Anna held out her arms with a faint
blush. “You do like him, don’t you,
dear?”
“Oh, most awfully, dearest,”
Effie, against her breast, leaned back to assure her
with a limpid look. “And so do Granny
and Owen—and I do think Sophy does
too,” she added, after a moment’s earnest
pondering.
“I hope so,” Anna laughed.
She checked the impulse to continue: “Has
she talked to you about him, that you’re so
sure?” She did not know what had made the question
spring to her lips, but she was glad she had closed
them before pronouncing it. Nothing could have
been more distasteful to her than to clear up such
obscurities by turning on them the tiny flame of her
daughter’s observation. And what, after
all, now that Owen’s happiness was secured, did
it matter if there were certain reserves in Darrow’s
approval of his marriage?
A knock on the door made Anna glance
at the clock. “There’s Nurse to carry
you off.”
“It’s Sophy’s knock,”
the little girl answered, jumping down to open the
door; and Miss Viner in fact stood on the threshold.
“Come in,” Anna said with
a smile, instantly remarking how pale she looked.
“May Effie go out for a turn
with Nurse?” the girl asked. “I should
like to speak to you a moment.”
“Of course. This ought
to be your holiday, as yesterday was Effie’s.
Run off, dear,” she added, stooping to kiss
the little girl.
When the door had closed she turned
back to Sophy Viner with a look that sought her confidence.
“I’m so glad you came, my dear.
We’ve got so many things to talk about, just
you and I together.”
The confused intercourse of the last
days had, in fact, left little time for any speech
with Sophy but such as related to her marriage and
the means of overcoming Madame de Chantelle’s
opposition to it. Anna had exacted of Owen that
no one, not even Sophy Viner, should be given a hint
of her own projects till all contingent questions
had been disposed of. She had felt, from the
outset, a secret reluctance to intrude her securer
happiness on the doubts and fears of the young pair.
From the sofa-corner to which she
had dropped back she pointed to Darrow’s chair.

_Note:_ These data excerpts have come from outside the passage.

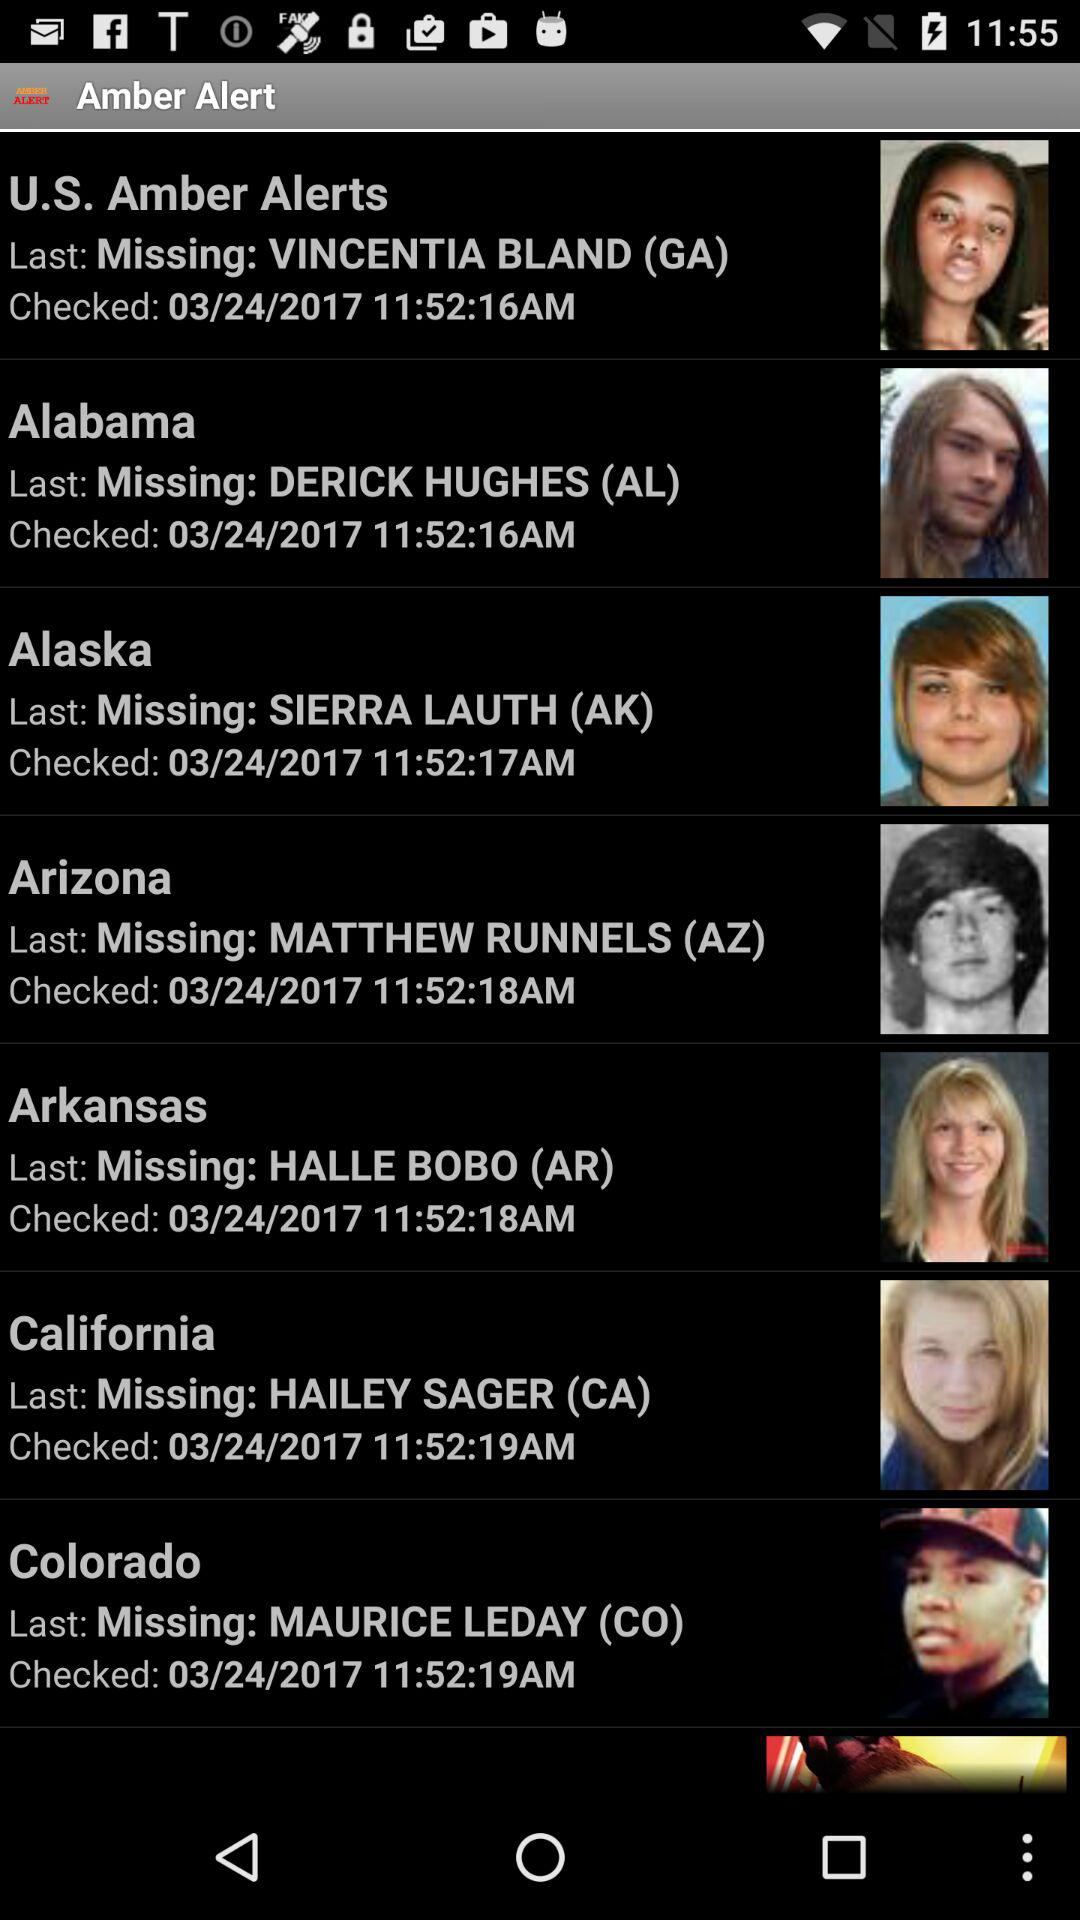Where does Maurice Leday live? Maurice Leday lives in Colorado. 
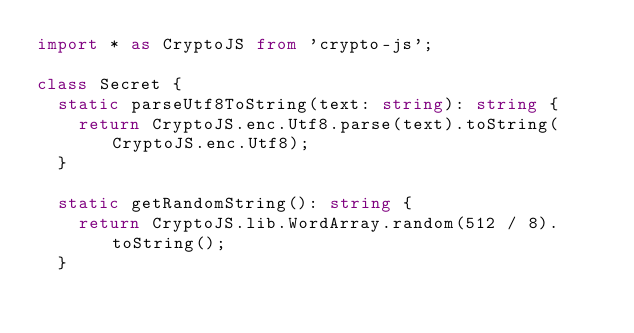Convert code to text. <code><loc_0><loc_0><loc_500><loc_500><_TypeScript_>import * as CryptoJS from 'crypto-js';

class Secret {
  static parseUtf8ToString(text: string): string {
    return CryptoJS.enc.Utf8.parse(text).toString(CryptoJS.enc.Utf8);
  }

  static getRandomString(): string {
    return CryptoJS.lib.WordArray.random(512 / 8).toString();
  }
</code> 
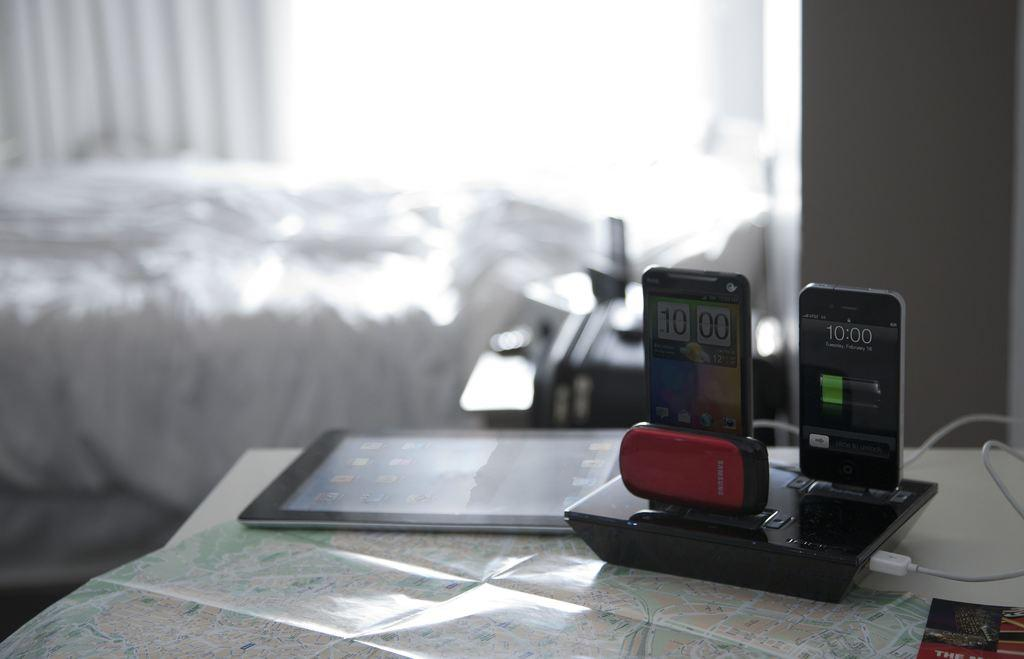What is the main piece of furniture in the image? There is a table in the image. What is placed on the table? A map, a tablet, and a charging port for mobiles are present on the table. What can be seen in the background of the image? There is a wall in the background of the image. What type of rock is being used as a paperweight for the map in the image? There is no rock present in the image; the map is not depicted as having a paperweight. 
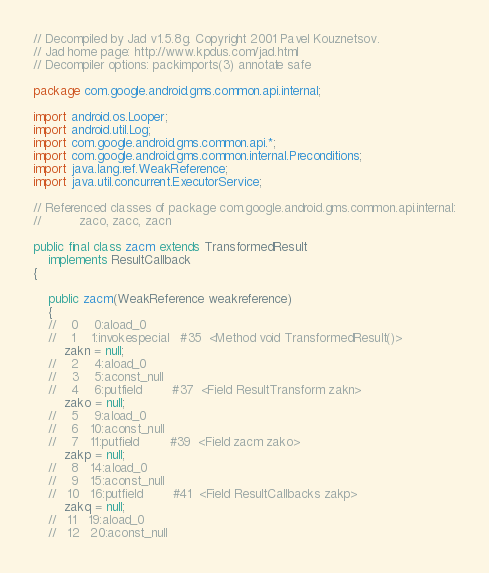<code> <loc_0><loc_0><loc_500><loc_500><_Java_>// Decompiled by Jad v1.5.8g. Copyright 2001 Pavel Kouznetsov.
// Jad home page: http://www.kpdus.com/jad.html
// Decompiler options: packimports(3) annotate safe 

package com.google.android.gms.common.api.internal;

import android.os.Looper;
import android.util.Log;
import com.google.android.gms.common.api.*;
import com.google.android.gms.common.internal.Preconditions;
import java.lang.ref.WeakReference;
import java.util.concurrent.ExecutorService;

// Referenced classes of package com.google.android.gms.common.api.internal:
//			zaco, zacc, zacn

public final class zacm extends TransformedResult
	implements ResultCallback
{

	public zacm(WeakReference weakreference)
	{
	//    0    0:aload_0         
	//    1    1:invokespecial   #35  <Method void TransformedResult()>
		zakn = null;
	//    2    4:aload_0         
	//    3    5:aconst_null     
	//    4    6:putfield        #37  <Field ResultTransform zakn>
		zako = null;
	//    5    9:aload_0         
	//    6   10:aconst_null     
	//    7   11:putfield        #39  <Field zacm zako>
		zakp = null;
	//    8   14:aload_0         
	//    9   15:aconst_null     
	//   10   16:putfield        #41  <Field ResultCallbacks zakp>
		zakq = null;
	//   11   19:aload_0         
	//   12   20:aconst_null     </code>

“Come and sit by me, dear. I wanted to
see you alone. There’s so much to say that
I hardly know where to begin.”
She leaned forward, her hands clasped
on the arms of the sofa, her eyes bent smilingly on
Sophy’s. As she did so, she noticed that
the girl’s unusual pallour was partly due to
the slight veil of powder on her face. The discovery
was distinctly disagreeable. Anna had never
before noticed, on Sophy’s part, any recourse
to cosmetics, and, much as she wished to think herself
exempt from old-fashioned prejudices, she suddenly
became aware that she did not like her daughter’s
governess to have a powdered face. Then she
reflected that the girl who sat opposite her was no
longer Effie’s governess, but her own future
daughter-in-law; and she wondered whether Miss Viner
had chosen this odd way of celebrating her independence,
and whether, as Mrs. Owen Leath, she would present
to the world a bedizened countenance. This idea
was scarcely less distasteful than the other, and
for a moment Anna continued to consider her without
speaking. Then, in a flash, the truth came to
her: Miss Viner had powdered her face because
Miss Viner had been crying.
Anna leaned forward impulsively.
“My dear child, what’s the matter?”
She saw the girl’s blood rush up under the white
mask, and hastened on: “Please don’t
be afraid to tell me. I do so want you to feel
that you can trust me as Owen does. And you know
you mustn’t mind if, just at first, Madame de
Chantelle occasionally relapses.”
She spoke eagerly, persuasively, almost
on a note of pleading. She had, in truth, so
many reasons for wanting Sophy to like her: her
love for Owen, her solicitude for Effie, and her own
sense of the girl’s fine mettle. She had
always felt a romantic and almost humble admiration
for those members of her sex who, from force of will,
or the constraint of circumstances, had plunged into
the conflict from which fate had so persistently excluded
her. There were even moments when she fancied
herself vaguely to blame for her immunity, and felt
that she ought somehow to have affronted the perils
and hardships which refused to come to her.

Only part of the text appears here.